My first subtweet was in the 3rd grade when I added extra glitter to Nathan’s Valentine.
I’m not religious but I know there’s a hell because Monopoly exists
“I usually don’t do this on the first date,” I say, pushing two lobsters together and making sex noises
Me: *googles my symptoms*
WEBMD: drunk for the last 6 days
Nobody is as conflicted as a Jewish zombie about to eat Kevin Bacon.
Hot Dads in ur Area Are Disappointed in ur Browser History Especially the One ur Watching Right Now With Midgets Dressed Like Dinosaurs
[Google search history]
Moles
How to kill moles
How to make homemade bombs
Rescue moles from cave-in
Dealing with regret
Mole stew
my 37yo husband: after 40 it’s all downhill
me: *just sitting there all 40*
Jesus: My God, why have you forsaken me?
God: Lighten up drama queen.
Cop: Why were you driving so fast in this rain?
Me: I thought no cops would want to get out in this rain.
Walk into any flower shop and ask to see the chlamydias. That never gets old.
i remember as a kid being like “Wow as an adult i’ll be able to buy as much candy as i want whenever i want” which turned out to be completely true and as amazing as i imagined
me: dating is hard, lot of weirdos out there
me on a date: you need three people to have a true staring contest with a hammerhead shark
Him: which of these two fanny packs is better?
Me:
Me:
Him: you can say neither
Me: oh thank goodness!
They should really replace, “I now pronounce you man and wife” with “FINISH HIM!!”

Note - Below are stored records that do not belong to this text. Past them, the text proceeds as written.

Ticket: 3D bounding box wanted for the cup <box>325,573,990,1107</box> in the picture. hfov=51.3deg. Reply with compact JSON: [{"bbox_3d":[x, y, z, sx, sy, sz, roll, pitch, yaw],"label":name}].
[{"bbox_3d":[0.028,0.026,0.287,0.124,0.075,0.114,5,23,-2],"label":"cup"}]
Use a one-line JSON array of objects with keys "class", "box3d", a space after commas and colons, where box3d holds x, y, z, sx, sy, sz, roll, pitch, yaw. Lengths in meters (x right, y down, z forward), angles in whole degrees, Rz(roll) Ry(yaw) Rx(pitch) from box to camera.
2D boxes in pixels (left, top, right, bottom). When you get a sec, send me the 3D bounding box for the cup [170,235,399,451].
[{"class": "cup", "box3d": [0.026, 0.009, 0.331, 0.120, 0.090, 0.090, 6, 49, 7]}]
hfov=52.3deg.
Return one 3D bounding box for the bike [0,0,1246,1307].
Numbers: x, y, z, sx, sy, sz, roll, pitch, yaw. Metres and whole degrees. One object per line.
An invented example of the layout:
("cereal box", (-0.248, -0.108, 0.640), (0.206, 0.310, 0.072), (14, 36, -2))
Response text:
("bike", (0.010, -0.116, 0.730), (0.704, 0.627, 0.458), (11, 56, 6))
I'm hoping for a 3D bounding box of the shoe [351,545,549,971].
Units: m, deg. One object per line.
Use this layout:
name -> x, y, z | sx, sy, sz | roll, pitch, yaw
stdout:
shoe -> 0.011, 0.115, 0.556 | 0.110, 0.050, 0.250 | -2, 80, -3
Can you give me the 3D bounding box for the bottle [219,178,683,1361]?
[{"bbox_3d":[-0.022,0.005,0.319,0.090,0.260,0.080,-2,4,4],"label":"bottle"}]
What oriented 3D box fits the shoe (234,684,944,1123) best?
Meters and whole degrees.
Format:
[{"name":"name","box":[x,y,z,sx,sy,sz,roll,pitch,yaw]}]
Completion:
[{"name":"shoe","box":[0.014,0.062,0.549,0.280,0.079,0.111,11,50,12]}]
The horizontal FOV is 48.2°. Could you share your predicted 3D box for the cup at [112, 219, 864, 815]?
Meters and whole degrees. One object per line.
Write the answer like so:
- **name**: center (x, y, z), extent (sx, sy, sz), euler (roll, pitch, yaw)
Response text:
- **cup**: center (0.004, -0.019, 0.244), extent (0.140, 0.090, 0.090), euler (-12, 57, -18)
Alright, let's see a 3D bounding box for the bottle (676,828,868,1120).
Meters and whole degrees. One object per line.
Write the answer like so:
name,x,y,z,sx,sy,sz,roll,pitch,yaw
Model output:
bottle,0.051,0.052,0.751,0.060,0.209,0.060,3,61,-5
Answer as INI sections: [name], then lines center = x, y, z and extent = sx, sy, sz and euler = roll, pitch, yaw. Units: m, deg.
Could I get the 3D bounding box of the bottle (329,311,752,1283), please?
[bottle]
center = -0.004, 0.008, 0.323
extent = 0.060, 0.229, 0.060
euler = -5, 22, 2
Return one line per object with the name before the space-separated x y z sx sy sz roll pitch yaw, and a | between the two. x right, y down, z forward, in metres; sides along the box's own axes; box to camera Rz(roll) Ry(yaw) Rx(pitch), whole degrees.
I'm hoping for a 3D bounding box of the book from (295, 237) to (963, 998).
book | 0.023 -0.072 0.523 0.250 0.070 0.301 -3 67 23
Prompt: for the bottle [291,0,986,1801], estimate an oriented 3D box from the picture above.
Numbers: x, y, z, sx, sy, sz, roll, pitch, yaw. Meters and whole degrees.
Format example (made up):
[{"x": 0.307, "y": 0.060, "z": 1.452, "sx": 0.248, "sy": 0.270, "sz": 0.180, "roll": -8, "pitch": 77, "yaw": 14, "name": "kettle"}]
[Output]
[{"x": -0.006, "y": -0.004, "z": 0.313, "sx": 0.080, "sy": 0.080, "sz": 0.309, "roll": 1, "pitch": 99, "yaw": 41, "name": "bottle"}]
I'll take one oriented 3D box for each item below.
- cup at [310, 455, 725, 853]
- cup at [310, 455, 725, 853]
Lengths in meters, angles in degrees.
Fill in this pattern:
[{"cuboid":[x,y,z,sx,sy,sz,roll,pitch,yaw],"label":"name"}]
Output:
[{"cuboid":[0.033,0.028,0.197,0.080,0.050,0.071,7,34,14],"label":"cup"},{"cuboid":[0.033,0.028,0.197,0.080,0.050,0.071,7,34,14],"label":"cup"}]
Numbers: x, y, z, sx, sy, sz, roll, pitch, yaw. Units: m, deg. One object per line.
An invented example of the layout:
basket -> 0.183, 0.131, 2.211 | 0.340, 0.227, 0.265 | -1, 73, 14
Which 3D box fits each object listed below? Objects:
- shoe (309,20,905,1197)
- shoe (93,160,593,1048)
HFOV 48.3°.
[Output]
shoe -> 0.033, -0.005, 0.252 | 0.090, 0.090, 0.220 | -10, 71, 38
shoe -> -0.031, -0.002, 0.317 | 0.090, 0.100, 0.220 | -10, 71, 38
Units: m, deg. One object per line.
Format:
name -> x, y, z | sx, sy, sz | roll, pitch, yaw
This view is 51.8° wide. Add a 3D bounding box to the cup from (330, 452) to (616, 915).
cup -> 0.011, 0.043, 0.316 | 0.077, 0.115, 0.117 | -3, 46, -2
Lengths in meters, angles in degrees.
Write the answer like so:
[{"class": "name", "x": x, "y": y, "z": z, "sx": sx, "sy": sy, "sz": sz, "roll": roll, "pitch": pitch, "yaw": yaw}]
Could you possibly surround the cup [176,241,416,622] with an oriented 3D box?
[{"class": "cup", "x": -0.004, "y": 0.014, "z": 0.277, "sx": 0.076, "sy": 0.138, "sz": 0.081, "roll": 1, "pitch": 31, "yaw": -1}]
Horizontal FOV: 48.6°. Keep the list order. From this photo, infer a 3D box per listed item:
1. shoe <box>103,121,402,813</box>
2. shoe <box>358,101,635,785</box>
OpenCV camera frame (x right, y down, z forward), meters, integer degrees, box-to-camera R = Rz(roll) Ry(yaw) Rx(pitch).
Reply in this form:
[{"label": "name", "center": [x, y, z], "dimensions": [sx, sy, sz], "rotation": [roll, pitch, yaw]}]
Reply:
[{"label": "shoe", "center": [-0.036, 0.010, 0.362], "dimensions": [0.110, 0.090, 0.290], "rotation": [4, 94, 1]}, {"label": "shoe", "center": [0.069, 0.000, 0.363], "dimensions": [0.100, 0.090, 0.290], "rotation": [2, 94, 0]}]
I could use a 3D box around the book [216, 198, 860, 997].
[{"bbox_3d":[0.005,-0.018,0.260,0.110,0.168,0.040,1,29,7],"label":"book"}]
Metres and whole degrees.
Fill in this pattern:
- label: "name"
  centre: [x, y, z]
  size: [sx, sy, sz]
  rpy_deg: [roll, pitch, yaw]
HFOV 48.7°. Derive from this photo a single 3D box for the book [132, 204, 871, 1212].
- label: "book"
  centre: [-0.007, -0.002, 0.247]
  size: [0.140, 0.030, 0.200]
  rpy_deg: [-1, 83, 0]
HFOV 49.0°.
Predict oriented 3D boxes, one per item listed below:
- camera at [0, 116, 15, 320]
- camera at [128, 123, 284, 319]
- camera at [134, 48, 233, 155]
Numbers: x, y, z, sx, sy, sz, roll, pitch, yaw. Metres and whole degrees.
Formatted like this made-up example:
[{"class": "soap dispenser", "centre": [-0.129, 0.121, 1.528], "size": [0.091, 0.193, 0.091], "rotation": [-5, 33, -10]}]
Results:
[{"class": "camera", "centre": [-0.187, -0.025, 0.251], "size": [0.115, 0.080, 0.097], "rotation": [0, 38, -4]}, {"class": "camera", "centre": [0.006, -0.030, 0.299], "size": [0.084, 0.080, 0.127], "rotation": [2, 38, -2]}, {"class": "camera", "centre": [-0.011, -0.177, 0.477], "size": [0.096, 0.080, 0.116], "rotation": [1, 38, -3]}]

My signature move at family dinners is waiting for someone to put their drink down at the table & then moving it when they go to the buffet.
If the Earth is only 5000 years old, how do you explain Cher?
“You there, yes you, what year is it? Is Kanye West still president?”
Men’s underwear watching them buy more t shirts
Her: I’d really love some flowers.
Him: Orchids?
Her: No, just flowers.
*signing divorce papers*
Client, “Thank God that’s over.”
Me, “Yes, divorce is stressful.”
Client, “No. The process was fine. I’m just glad the marriage is over.”
Me, “I’m glad you aren’t crying. Here’s your bill.”
Client *bursts into tears*
Pilot: we’re gonna crash
Me: *to cute girl next to me* guess I should make these last moments count
Her: yeah?
Me: mhm *starts fast forwarding Shrek*
Last weekend, Brad Pitt and Angelina Jolie tied the knot in a small intimiate ceremony attended by 20 of their closest children.
If I reply touché that means I have no clue what you meant
When my kids aren’t listening to me I just yell ignore me! And then I feel better that they’re finally listening.